═════ Records shown
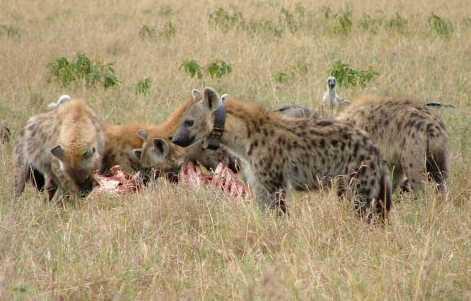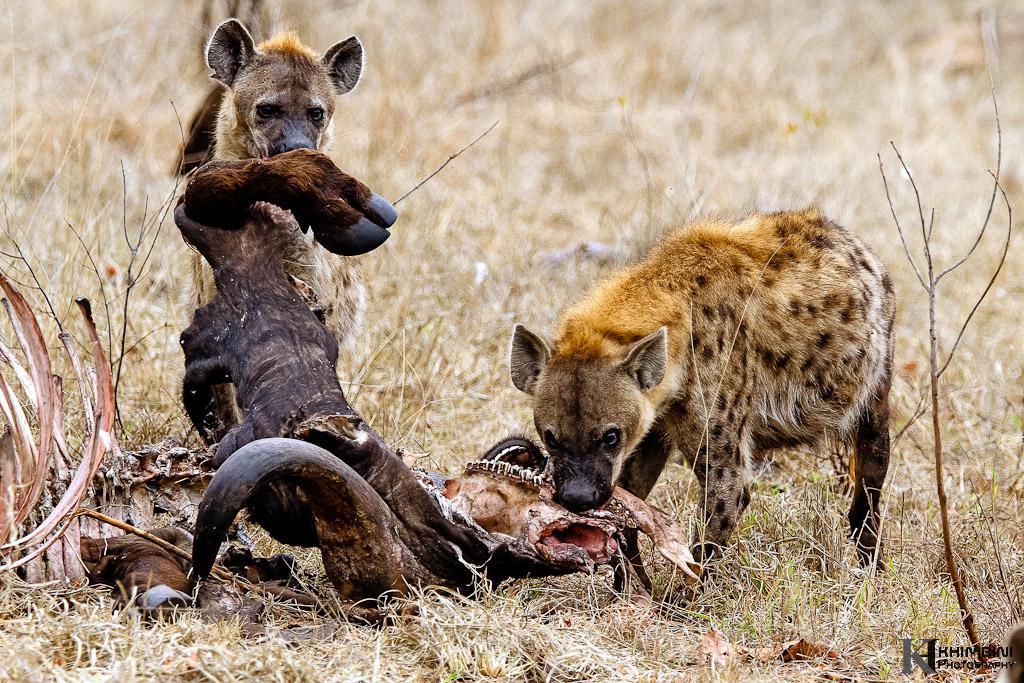The first image is the image on the left, the second image is the image on the right. Examine the images to the left and right. Is the description "In the image to the right, there are at least four hyenas." accurate? Answer yes or no. No. The first image is the image on the left, the second image is the image on the right. Examine the images to the left and right. Is the description "Multiple hyena are standing behind a carcass with the horn of a hooved animal in front of them, including a leftward-turned hyena with its mouth lowered to the carcass." accurate? Answer yes or no. Yes. 
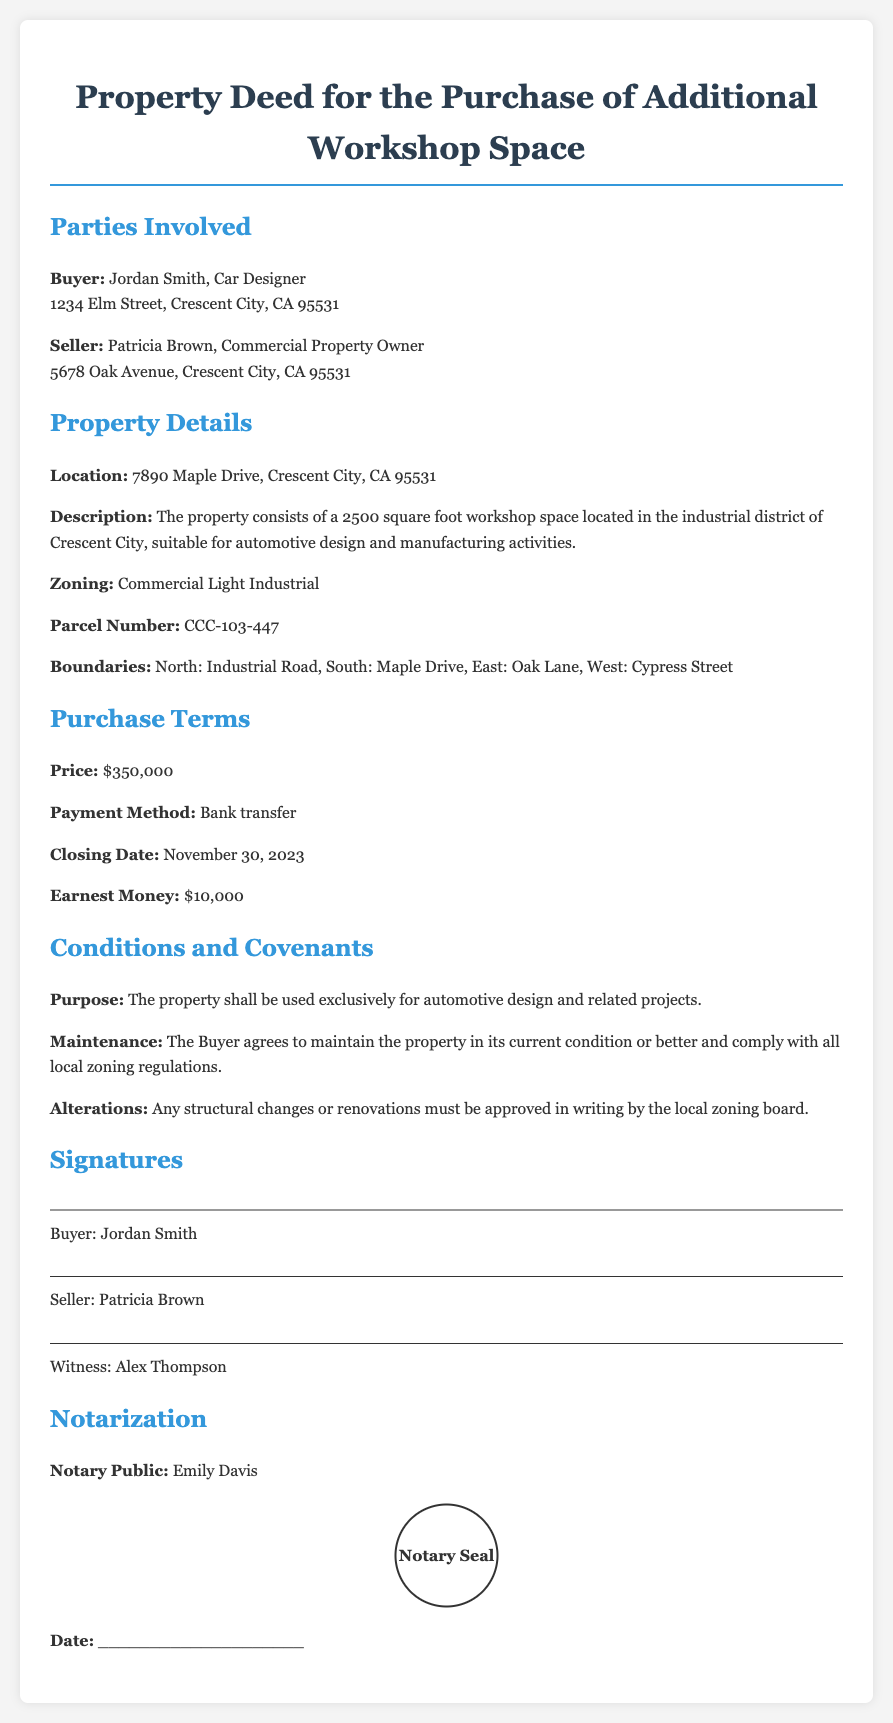What is the buyer's name? The buyer's name is specified at the beginning of the document under "Buyer."
Answer: Jordan Smith What is the property price? The price is clearly stated in the "Purchase Terms" section.
Answer: $350,000 What is the seller's address? The seller's address is listed immediately after the seller's name in the "Parties Involved" section.
Answer: 5678 Oak Avenue, Crescent City, CA 95531 What is the closing date? The closing date is mentioned in the "Purchase Terms" section.
Answer: November 30, 2023 What is the purpose of the property according to the deed? The purpose is outlined under "Conditions and Covenants."
Answer: Automotive design and related projects How much is the earnest money? The amount of earnest money is given in the "Purchase Terms" section.
Answer: $10,000 Who is the notary public? The name of the notary public is specified in the "Notarization" section.
Answer: Emily Davis What is the area of the workshop space? The area is described in the "Property Details" section.
Answer: 2500 square foot What must happen before any alterations can be made to the property? The specific condition for alterations is listed in the "Conditions and Covenants" section.
Answer: Approval by the local zoning board 
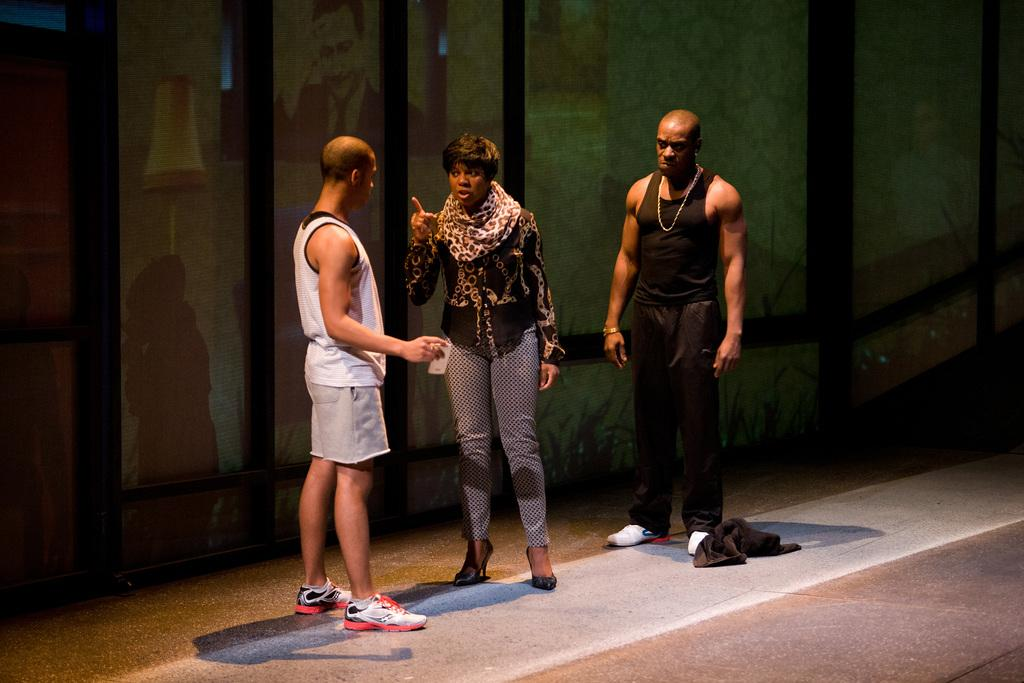How many people are present in the image? There are three persons standing in the image. What is the surface on which the persons are standing? The persons are standing on the floor. What can be seen on the glasses that the persons are wearing? There are pictures of persons on the glasses. What is the additional item visible on the floor in the image? There is a cloth on the floor in the image. What type of thunder can be heard in the image? There is no thunder present in the image, as it is a still photograph. Is there any indication of an attack happening in the image? There is no indication of an attack in the image; it shows three people standing with pictures on their glasses and a cloth on the floor. 
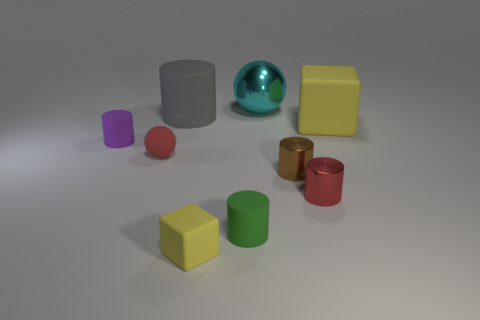There is a thing that is the same color as the matte sphere; what shape is it?
Give a very brief answer. Cylinder. Are there any small shiny cylinders of the same color as the tiny matte ball?
Offer a very short reply. Yes. Is the number of red cylinders greater than the number of large yellow metallic cylinders?
Offer a very short reply. Yes. What is the size of the matte object that is the same color as the small rubber block?
Ensure brevity in your answer.  Large. Are there any small red cylinders made of the same material as the gray cylinder?
Ensure brevity in your answer.  No. What shape is the tiny matte thing that is both left of the green cylinder and on the right side of the large gray cylinder?
Provide a short and direct response. Cube. How many other things are the same shape as the purple rubber object?
Your answer should be very brief. 4. What is the size of the shiny ball?
Offer a very short reply. Large. How many things are either small blue rubber blocks or large cyan spheres?
Offer a very short reply. 1. What is the size of the sphere that is behind the small purple cylinder?
Offer a terse response. Large. 
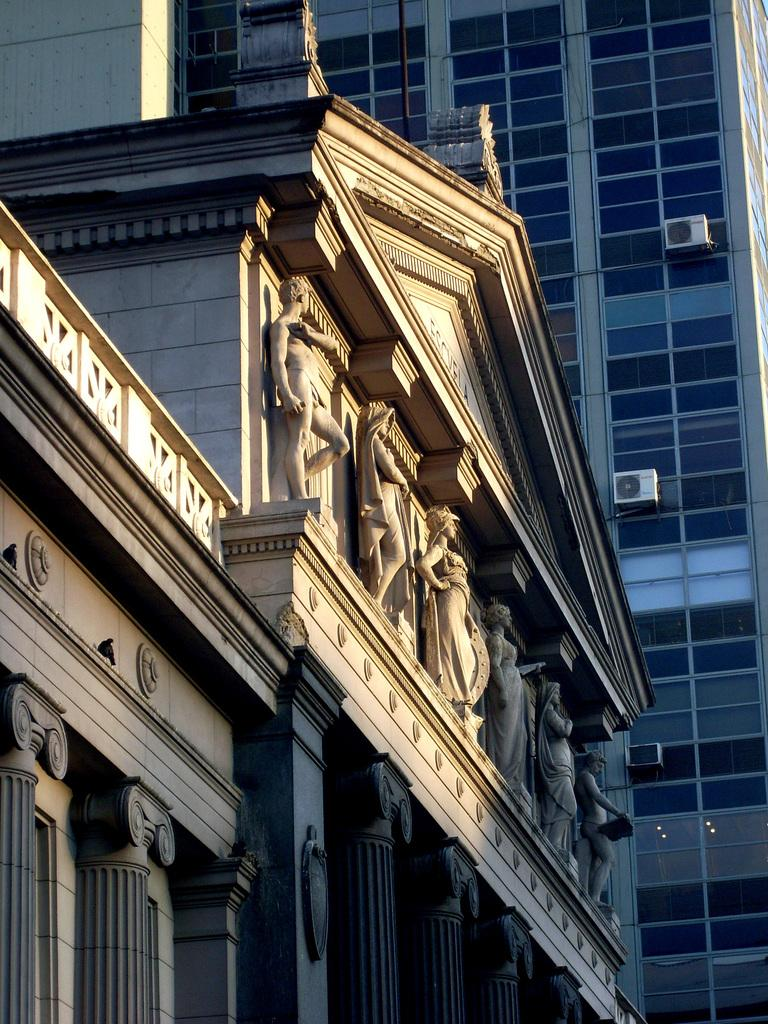What is the main subject of the image? The main subject of the image is many statues. How are the statues arranged in the image? The statues are placed one after the other. What architectural elements can be seen at the bottom of the image? There are pillars at the bottom of the image. What can be seen in the background of the image? There is a building in the background of the image. Can you tell me how many goats are standing next to the statues in the image? There are no goats present in the image; it features statues and architectural elements. 
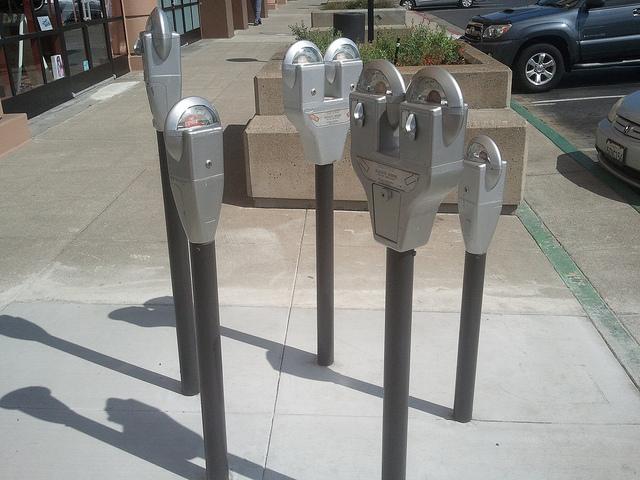How many parking meters are there?
Concise answer only. 5. How many parking meters are shown?
Short answer required. 5. What are these silver objects?
Concise answer only. Parking meters. Is there a blue car?
Quick response, please. Yes. 
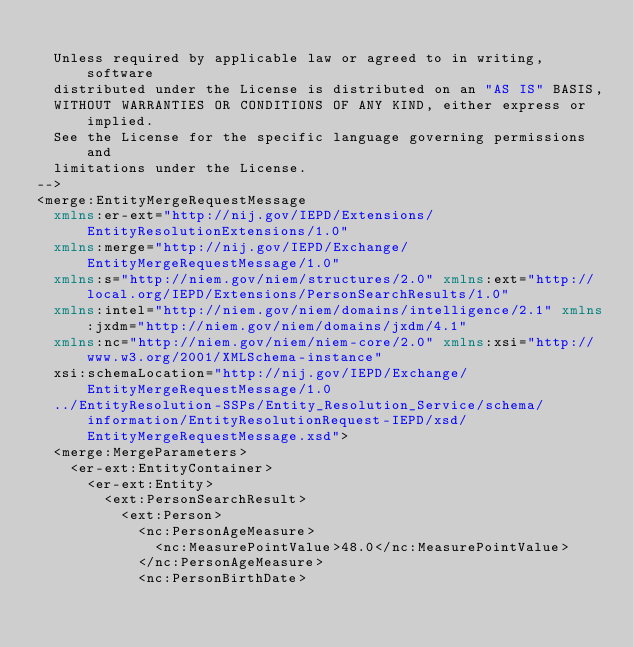Convert code to text. <code><loc_0><loc_0><loc_500><loc_500><_XML_>  
  Unless required by applicable law or agreed to in writing, software
  distributed under the License is distributed on an "AS IS" BASIS, 
  WITHOUT WARRANTIES OR CONDITIONS OF ANY KIND, either express or implied.
  See the License for the specific language governing permissions and
  limitations under the License.
-->
<merge:EntityMergeRequestMessage
	xmlns:er-ext="http://nij.gov/IEPD/Extensions/EntityResolutionExtensions/1.0"
	xmlns:merge="http://nij.gov/IEPD/Exchange/EntityMergeRequestMessage/1.0"
	xmlns:s="http://niem.gov/niem/structures/2.0" xmlns:ext="http://local.org/IEPD/Extensions/PersonSearchResults/1.0"
	xmlns:intel="http://niem.gov/niem/domains/intelligence/2.1" xmlns:jxdm="http://niem.gov/niem/domains/jxdm/4.1"
	xmlns:nc="http://niem.gov/niem/niem-core/2.0" xmlns:xsi="http://www.w3.org/2001/XMLSchema-instance"
	xsi:schemaLocation="http://nij.gov/IEPD/Exchange/EntityMergeRequestMessage/1.0
	../EntityResolution-SSPs/Entity_Resolution_Service/schema/information/EntityResolutionRequest-IEPD/xsd/EntityMergeRequestMessage.xsd">
	<merge:MergeParameters>
		<er-ext:EntityContainer>
			<er-ext:Entity>
				<ext:PersonSearchResult>
					<ext:Person>
						<nc:PersonAgeMeasure>
							<nc:MeasurePointValue>48.0</nc:MeasurePointValue>
						</nc:PersonAgeMeasure>
						<nc:PersonBirthDate></code> 
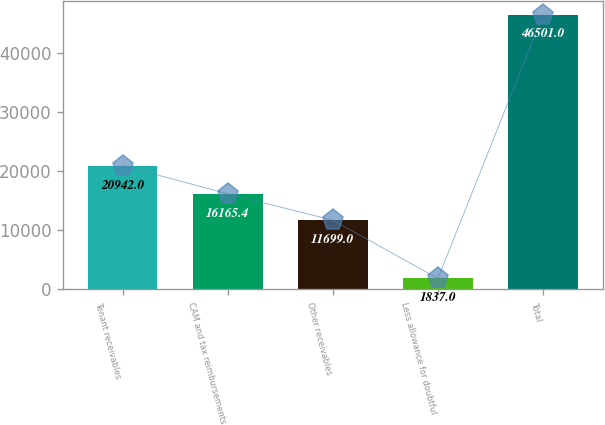<chart> <loc_0><loc_0><loc_500><loc_500><bar_chart><fcel>Tenant receivables<fcel>CAM and tax reimbursements<fcel>Other receivables<fcel>Less allowance for doubtful<fcel>Total<nl><fcel>20942<fcel>16165.4<fcel>11699<fcel>1837<fcel>46501<nl></chart> 
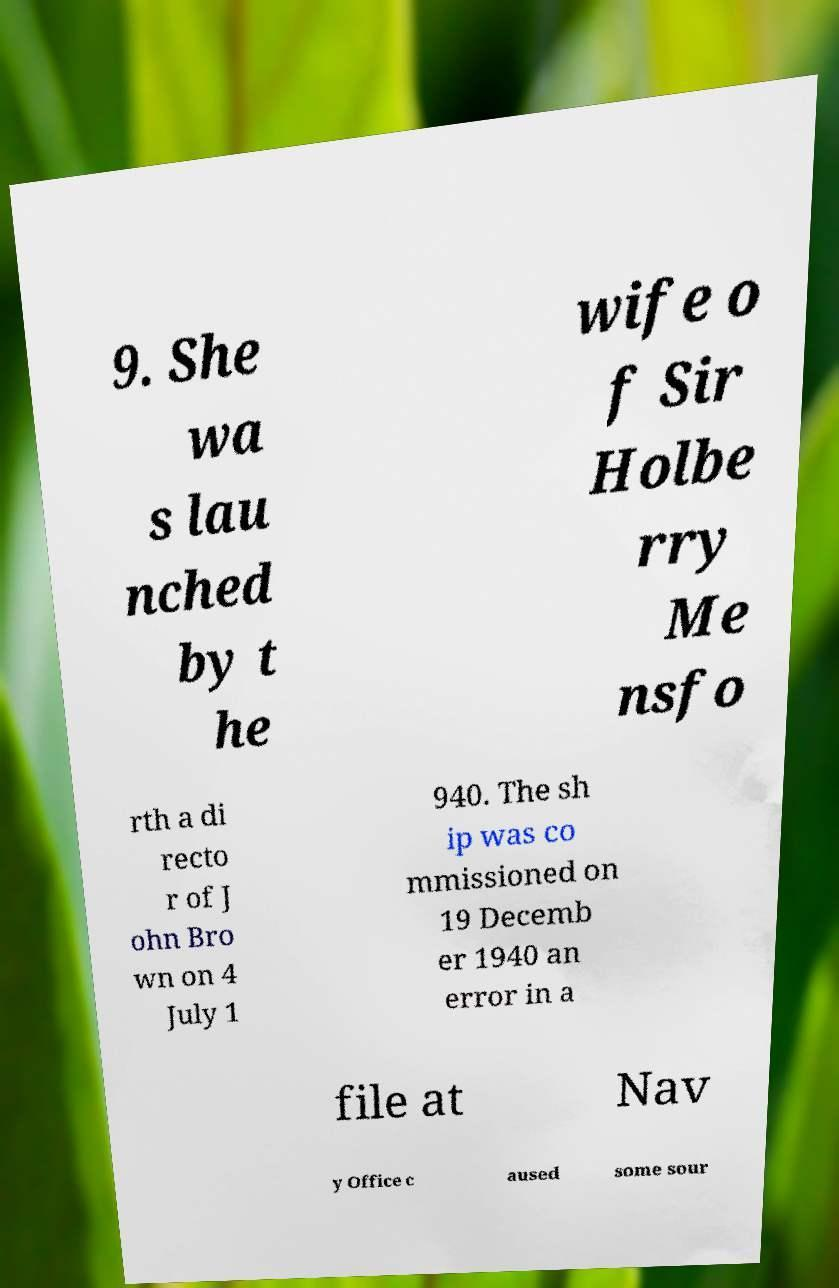There's text embedded in this image that I need extracted. Can you transcribe it verbatim? 9. She wa s lau nched by t he wife o f Sir Holbe rry Me nsfo rth a di recto r of J ohn Bro wn on 4 July 1 940. The sh ip was co mmissioned on 19 Decemb er 1940 an error in a file at Nav y Office c aused some sour 
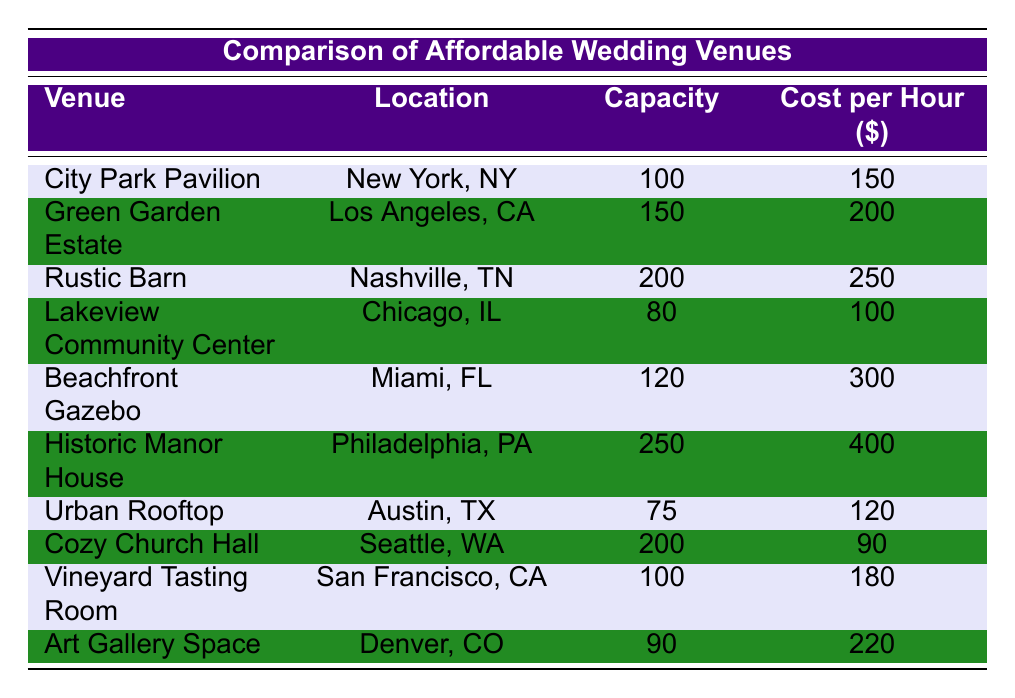What is the cost per hour for the City Park Pavilion? The cost per hour for City Park Pavilion can be found in the table under the "Cost per Hour" column next to the respective venue name. It shows 150.
Answer: 150 Which venue has the highest capacity? By examining the "Capacity" column, the highest number can be identified. The Historic Manor House has a capacity of 250, which is greater than all other venues listed.
Answer: 250 Is the Cozy Church Hall cheaper per hour than the Urban Rooftop? Comparing the "Cost per Hour" for Cozy Church Hall (90) and Urban Rooftop (120), Cozy Church Hall costs less.
Answer: Yes What is the average capacity of all venues listed? First, sum the capacities of all venues: 100 + 150 + 200 + 80 + 120 + 250 + 75 + 200 + 100 + 90 = 1365. Then divide by the number of venues, which is 10: 1365/10 = 136.5.
Answer: 136.5 How much more expensive is the Beachfront Gazebo than the Lakeview Community Center per hour? The cost for Beachfront Gazebo is 300 and for Lakeview Community Center is 100. The difference is found by subtracting 100 from 300: 300 - 100 = 200.
Answer: 200 What is the total cost per hour for the Rustic Barn and the Green Garden Estate combined? Add the cost per hour of Rustic Barn (250) and Green Garden Estate (200): 250 + 200 = 450.
Answer: 450 Is the Vineyard Tasting Room the same price as the Art Gallery Space? Compare both venues in the "Cost per Hour" column: Vineyard Tasting Room costs 180, while Art Gallery Space costs 220. They are not the same.
Answer: No What venue has the lowest capacity, and what is its cost per hour? Look at the "Capacity" column to find the lowest number, which is 75 for Urban Rooftop. The corresponding cost per hour, found in the same row, is 120.
Answer: Urban Rooftop, 120 How many venues have a cost per hour greater than 200? Check each venue's cost: Rustic Barn (250), Beachfront Gazebo (300), Historic Manor House (400), and Art Gallery Space (220). There are 4 venues.
Answer: 4
══════════
## Problem details
Without any pictures, output exactly the lines from the start of the material through the line that contains "What is the buyer's", and only those.

## Exercise output
The first image is the image on the left, the second image is the image on the right. Examine the images to the left and right. Is the description "In the image to the right, there are at least four hyenas." accurate? Answer yes or no. No. The first image is the image on the left, the second image is the image on the right. Examine the images to the left and right. Is the description "Multiple hyena are standing behind a carcass with the horn of a hooved animal in front of them, including a leftward-turned hyena with its mouth lowered to the carcass." accurate? Answer yes or no. Yes. 
What is the buyer's name? The buyer's name is specified at the beginning of the document under "Buyer."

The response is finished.